The bounding box of (2). In the invention, s is 0.1, 0.25 and 0.5, and r is 0.5, 1 and 2. For each input pixel, the default anchor box is sampled 5 at its center. In the training process, firstly, the real value (ground route) in the training data is determined to be matched with which anchor frame, and the boundary frame corresponding to the anchor frame corresponding to the real value is used for prediction. For each real object in the photograph, the anchor box with the largest Intersection over Union (IoU) value matches it. The intersection ratio is a probability value describing the bounding box distance, as shown in equation (1):

wherein alpha is a prediction result, xi is a real boundary value, a large intersection ratio indicates that two frames are very similar, and a small intersection ratio indicates that the two frames are not similar. For the remaining unmatched anchor boxes, if IoU for a certain real value is greater than the threshold of 0.5, then the anchor box will also match this real value.

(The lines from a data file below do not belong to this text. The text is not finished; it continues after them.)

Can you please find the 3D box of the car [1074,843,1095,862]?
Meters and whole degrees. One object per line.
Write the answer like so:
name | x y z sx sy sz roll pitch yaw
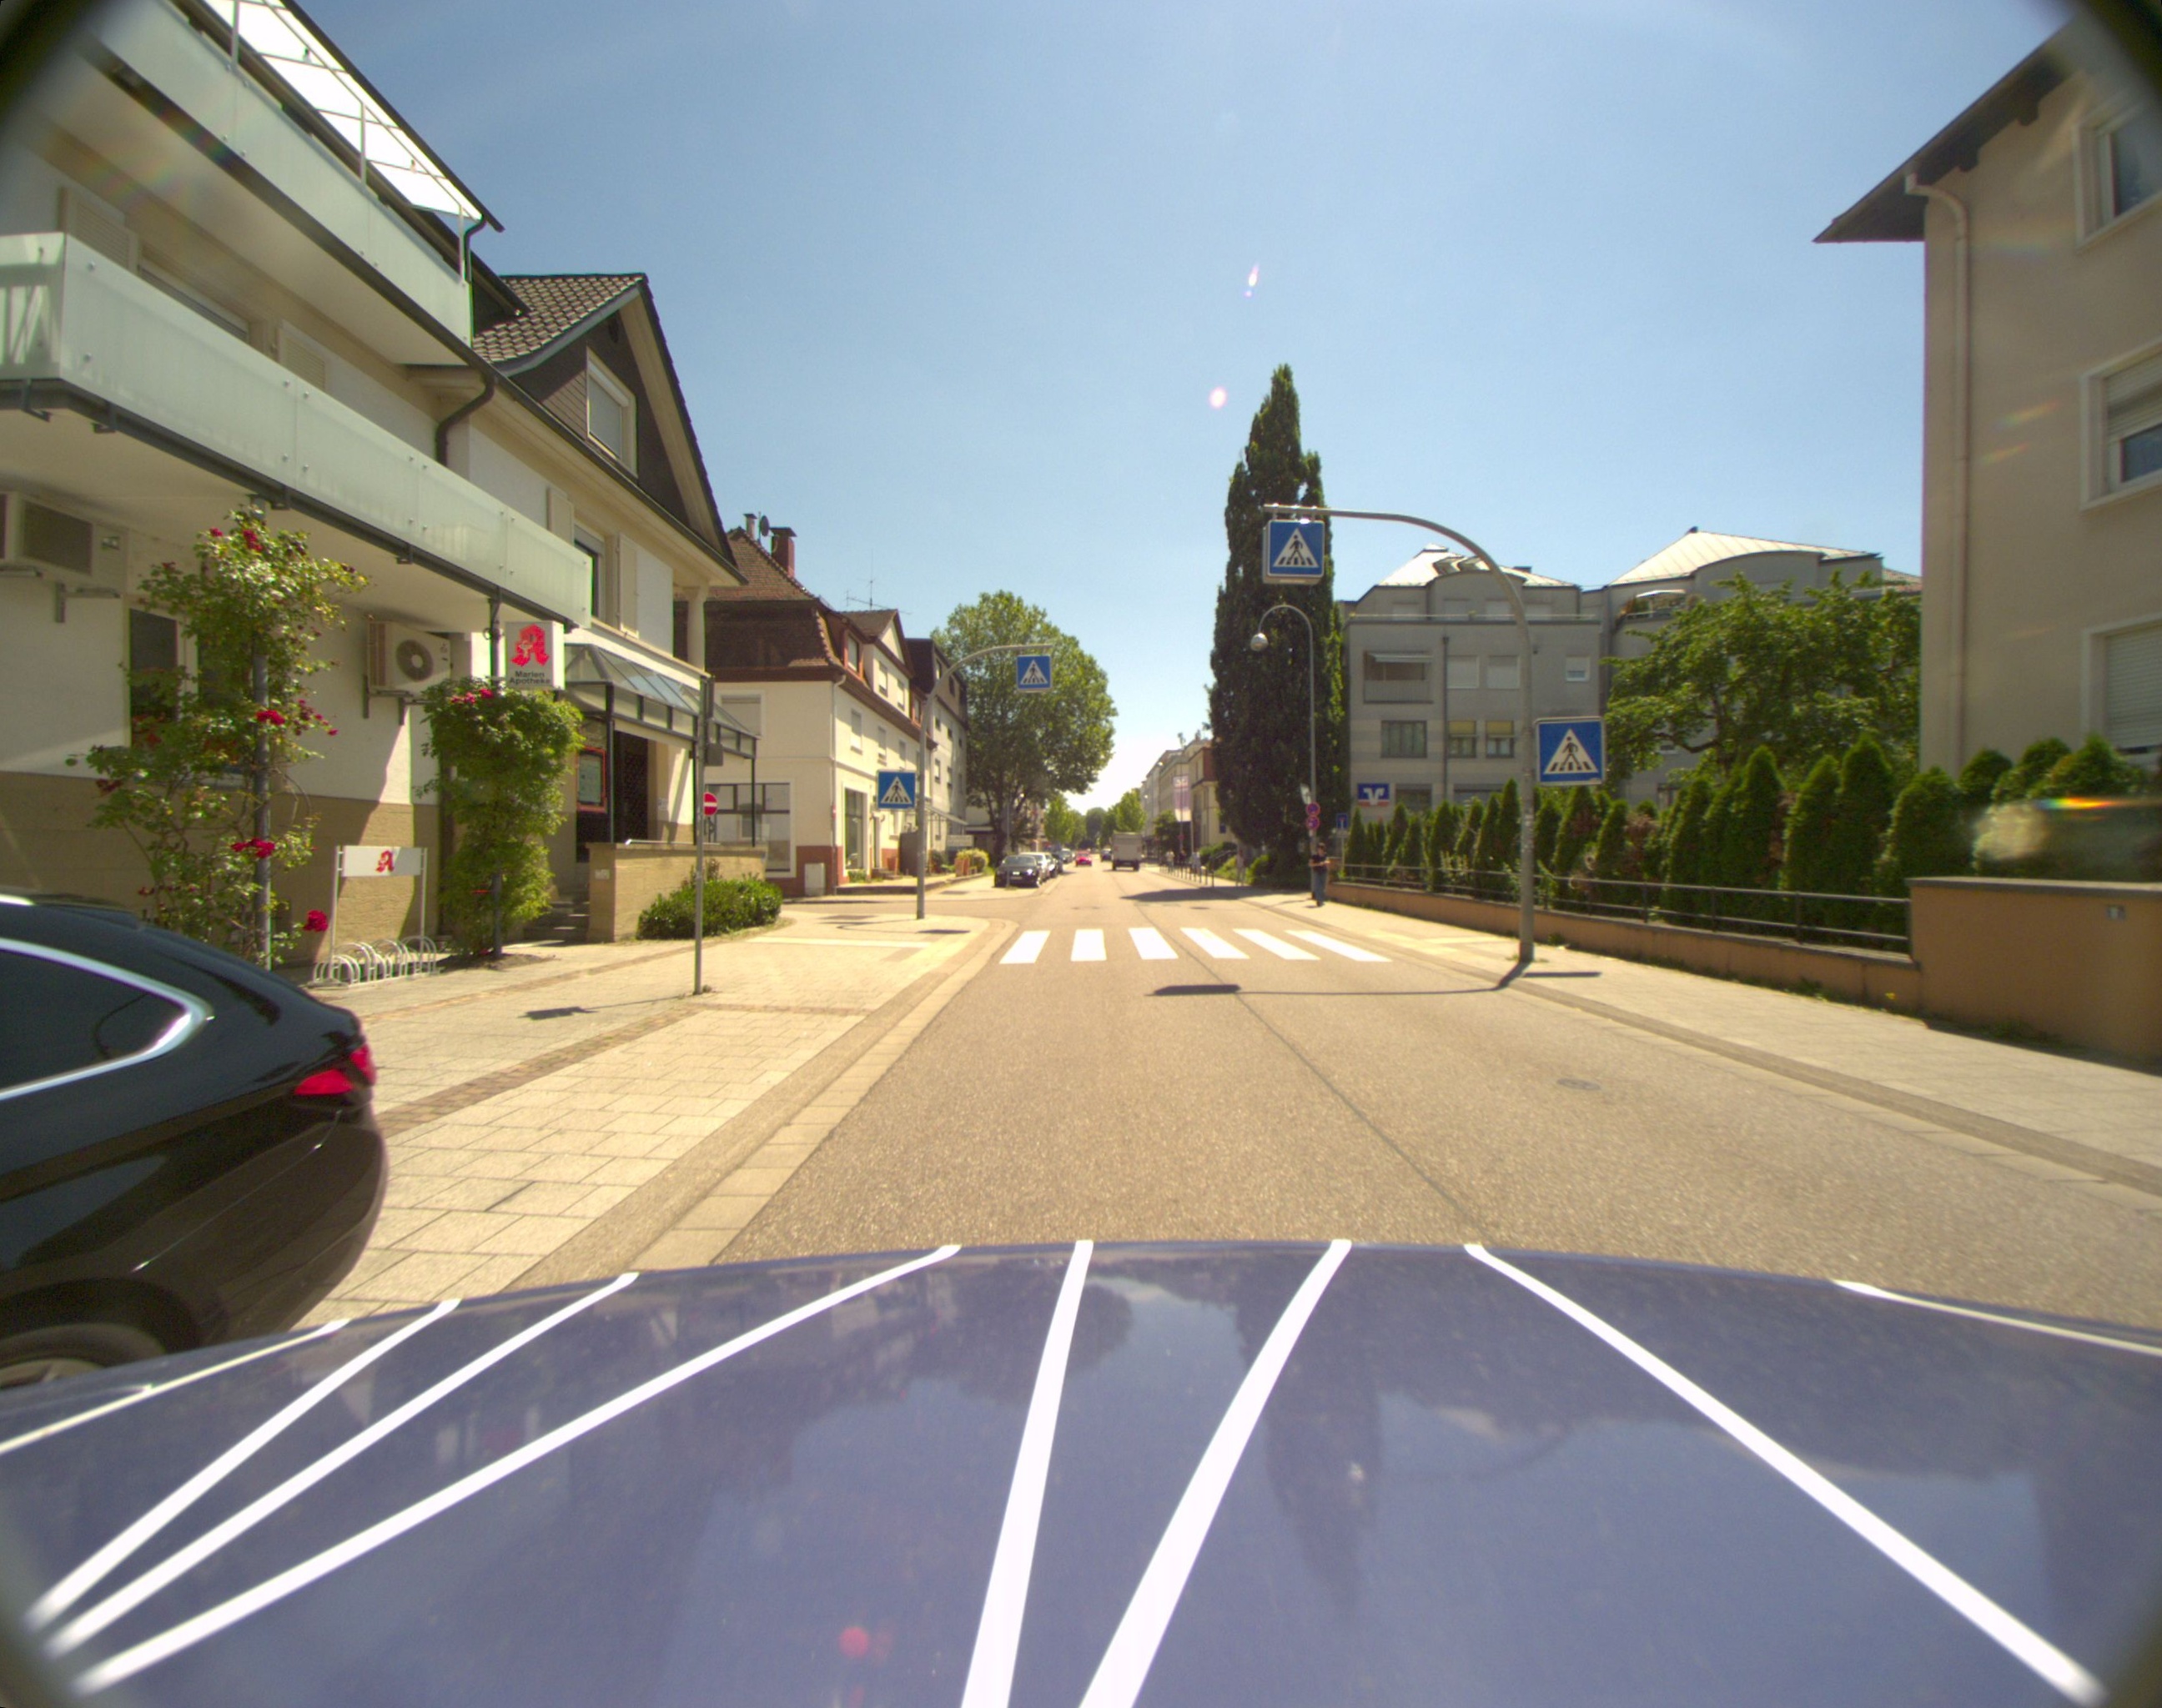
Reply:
car | 0.352 -0.157 79.236 2.000 1.880 4.293 -2 1 0

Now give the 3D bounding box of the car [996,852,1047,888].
car | -2.552 0.646 33.617 1.831 1.418 4.700 1 1 1

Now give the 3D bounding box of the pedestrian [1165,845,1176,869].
pedestrian | 6.412 0.230 54.306 0.622 1.667 0.903 -3 1 0

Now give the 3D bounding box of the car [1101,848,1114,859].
car | 3.782 -0.119 109.317 1.834 1.502 4.262 -1 1 1

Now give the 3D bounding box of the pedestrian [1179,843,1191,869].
pedestrian | 7.385 0.140 53.988 0.750 1.760 0.951 -1 1 0

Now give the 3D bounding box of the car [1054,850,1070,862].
car | -2.267 0.184 91.810 1.818 1.379 4.114 0 1 0

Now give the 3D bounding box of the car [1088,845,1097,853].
car | 2.353 -1.065 157.703 1.698 1.594 3.811 0 1 0

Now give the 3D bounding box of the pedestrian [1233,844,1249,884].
pedestrian | 6.862 0.414 32.625 0.538 1.675 0.708 -1 1 1

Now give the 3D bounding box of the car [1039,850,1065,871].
car | -2.147 0.473 57.161 1.834 1.502 4.758 -1 1 -2

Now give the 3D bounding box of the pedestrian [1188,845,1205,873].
pedestrian | 6.980 0.284 46.068 0.847 1.635 0.751 -3 1 2

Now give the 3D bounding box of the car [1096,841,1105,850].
car | 3.749 -1.634 147.047 1.731 1.500 4.293 -2 1 0

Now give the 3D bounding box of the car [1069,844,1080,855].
car | -1.040 -0.734 127.715 1.731 1.861 4.114 0 1 0

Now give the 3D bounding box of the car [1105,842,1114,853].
car | 5.860 -1.339 156.184 1.731 2.154 4.293 1 1 0

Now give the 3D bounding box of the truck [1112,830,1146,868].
truck | 3.835 -0.413 62.038 2.426 2.966 6.257 0 1 1

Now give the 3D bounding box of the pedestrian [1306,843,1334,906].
pedestrian | 6.492 0.537 20.691 0.538 1.675 0.708 -1 1 1

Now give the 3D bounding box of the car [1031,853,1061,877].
car | -2.030 0.612 45.230 1.561 1.333 4.173 1 1 0

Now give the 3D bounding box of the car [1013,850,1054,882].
car | -2.403 0.580 39.608 1.748 1.460 4.851 2 1 1

In the power line detection model and the power line foreign object detection model, L (x, c, L, g) represents a loss function, defined as a weighted sum of a position error (loc) and a confidence error (conf), as shown in formula (2), x is an input training image, c is a category confidence prediction value, L is a prediction value of a bounding box corresponding to an anchor frame, g is a position parameter of a true value, N is the number of positive samples of the anchor frame, and α is an adjustment ratio of a foreground loss function and a background loss function, where 1 is taken.

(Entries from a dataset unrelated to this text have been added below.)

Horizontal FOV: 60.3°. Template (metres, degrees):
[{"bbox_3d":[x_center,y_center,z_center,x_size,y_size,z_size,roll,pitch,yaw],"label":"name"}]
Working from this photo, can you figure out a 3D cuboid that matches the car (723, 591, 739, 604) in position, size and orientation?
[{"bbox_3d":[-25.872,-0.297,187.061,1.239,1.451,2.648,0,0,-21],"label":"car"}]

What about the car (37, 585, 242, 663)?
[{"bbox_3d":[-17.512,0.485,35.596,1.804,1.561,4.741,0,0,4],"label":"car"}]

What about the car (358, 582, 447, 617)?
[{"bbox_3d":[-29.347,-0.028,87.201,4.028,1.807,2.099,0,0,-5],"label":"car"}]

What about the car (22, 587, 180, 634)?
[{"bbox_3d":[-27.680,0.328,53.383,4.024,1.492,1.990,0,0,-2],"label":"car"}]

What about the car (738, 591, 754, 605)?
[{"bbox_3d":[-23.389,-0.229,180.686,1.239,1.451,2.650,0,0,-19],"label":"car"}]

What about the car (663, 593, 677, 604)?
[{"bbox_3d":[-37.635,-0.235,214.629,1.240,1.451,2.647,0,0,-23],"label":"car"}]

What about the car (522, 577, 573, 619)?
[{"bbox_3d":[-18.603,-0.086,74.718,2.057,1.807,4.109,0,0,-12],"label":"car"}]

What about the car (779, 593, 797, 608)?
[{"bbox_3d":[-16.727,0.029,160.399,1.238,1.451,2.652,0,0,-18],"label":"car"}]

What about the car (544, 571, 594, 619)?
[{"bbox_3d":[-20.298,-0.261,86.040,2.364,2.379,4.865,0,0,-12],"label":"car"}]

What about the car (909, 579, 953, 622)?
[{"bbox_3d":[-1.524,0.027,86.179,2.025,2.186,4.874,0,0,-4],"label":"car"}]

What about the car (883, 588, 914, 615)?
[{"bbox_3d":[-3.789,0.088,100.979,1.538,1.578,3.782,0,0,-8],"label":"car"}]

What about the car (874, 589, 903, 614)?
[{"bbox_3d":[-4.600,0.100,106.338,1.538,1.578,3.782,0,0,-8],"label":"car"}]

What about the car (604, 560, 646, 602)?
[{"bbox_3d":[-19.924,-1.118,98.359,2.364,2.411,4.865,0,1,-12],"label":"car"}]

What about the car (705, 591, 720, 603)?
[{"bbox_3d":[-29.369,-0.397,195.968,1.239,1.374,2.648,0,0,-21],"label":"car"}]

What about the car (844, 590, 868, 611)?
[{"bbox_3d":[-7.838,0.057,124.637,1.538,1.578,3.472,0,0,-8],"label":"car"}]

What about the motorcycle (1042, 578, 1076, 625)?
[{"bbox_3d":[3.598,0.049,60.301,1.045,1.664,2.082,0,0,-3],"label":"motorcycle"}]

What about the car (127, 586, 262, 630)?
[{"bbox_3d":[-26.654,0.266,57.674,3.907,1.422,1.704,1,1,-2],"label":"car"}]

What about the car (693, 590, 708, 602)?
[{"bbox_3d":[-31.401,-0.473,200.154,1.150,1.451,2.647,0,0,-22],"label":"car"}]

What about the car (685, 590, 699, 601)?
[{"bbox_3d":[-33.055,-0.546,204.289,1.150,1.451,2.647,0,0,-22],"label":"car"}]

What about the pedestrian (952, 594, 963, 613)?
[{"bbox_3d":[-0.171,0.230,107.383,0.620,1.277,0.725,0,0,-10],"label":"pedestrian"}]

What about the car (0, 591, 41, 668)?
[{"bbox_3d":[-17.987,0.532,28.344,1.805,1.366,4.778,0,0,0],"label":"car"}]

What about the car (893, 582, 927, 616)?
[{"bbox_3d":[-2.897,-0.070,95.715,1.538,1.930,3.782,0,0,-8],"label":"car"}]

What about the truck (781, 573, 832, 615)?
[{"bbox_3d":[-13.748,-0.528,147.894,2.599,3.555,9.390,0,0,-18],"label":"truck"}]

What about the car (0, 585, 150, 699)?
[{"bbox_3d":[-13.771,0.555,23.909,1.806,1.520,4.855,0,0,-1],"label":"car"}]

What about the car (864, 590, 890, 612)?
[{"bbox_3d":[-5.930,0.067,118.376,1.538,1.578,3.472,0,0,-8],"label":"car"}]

L_loc(x, l, g) is the loss function of the bounding box prediction, as shown in equation (3). Where cx, cy are the center coordinates of the bounding box, w, h are the bounding box width and height, and the anchor frame position is defined by d ═ d (d)^cx，d^cy，d^w，d^h) The corresponding bounding box is represented by b ═ b^cx，b^cy，b^w，b^h)，

I.e., the conversion value of the bounding box with respect to the anchor box, is calculated according to the equations (4), (5), (6) and (7).

And the predicted value of the m parameter of the boundary frame corresponding to the ith anchor frame is obtained. Pos represents a positive sample set, i represents an anchor box number, and j represents a true value number. When in use

When the ith anchor frame is matched with the jth real value, and the category of the real value is k, when

A time indicates a mismatch. For position error, the Smooth L1 function is used.

L_conf(x, c) represents a loss function for class prediction, where x represents the input image, Neg represents the set of negative samples, o represents the anchor box number taken from the positive samples, represents the anchor box number taken from the negative samples, and t represents the true value number.

Is used for explaining the matching state when

Indicates that the o-th anchor box matches the t-th true value, and the class of true values is p when

A time indicates a mismatch. As shown in equation (8):

subsequently, a minimization loss function is trained. And (3) minimizing the cost function by adopting a random gradient descent (SGD) method, calculating and predicting the characteristic diagram results of the convolution layers with different scales, and combining the prediction outputs of different layers. Pre-training requires all data sizes to be normalized, so the present invention resets the original image to 512 x 512 pixels for pre-training. The learning rate is the most important parameter of the random gradient descent method, and determines the updating speed of the weight value. The momentum parameter and the weight attenuation factor can improve the training adaptivity. Through experimental observation, the learning rate is set to 10 by the invention^-3The momentum parameters were set to 0,99, and the weight decay factor was set to default 0.0005. the stochastic gradient descent learning process was accelerated by an NVIDIA TITAN XP device for 60000 iterations.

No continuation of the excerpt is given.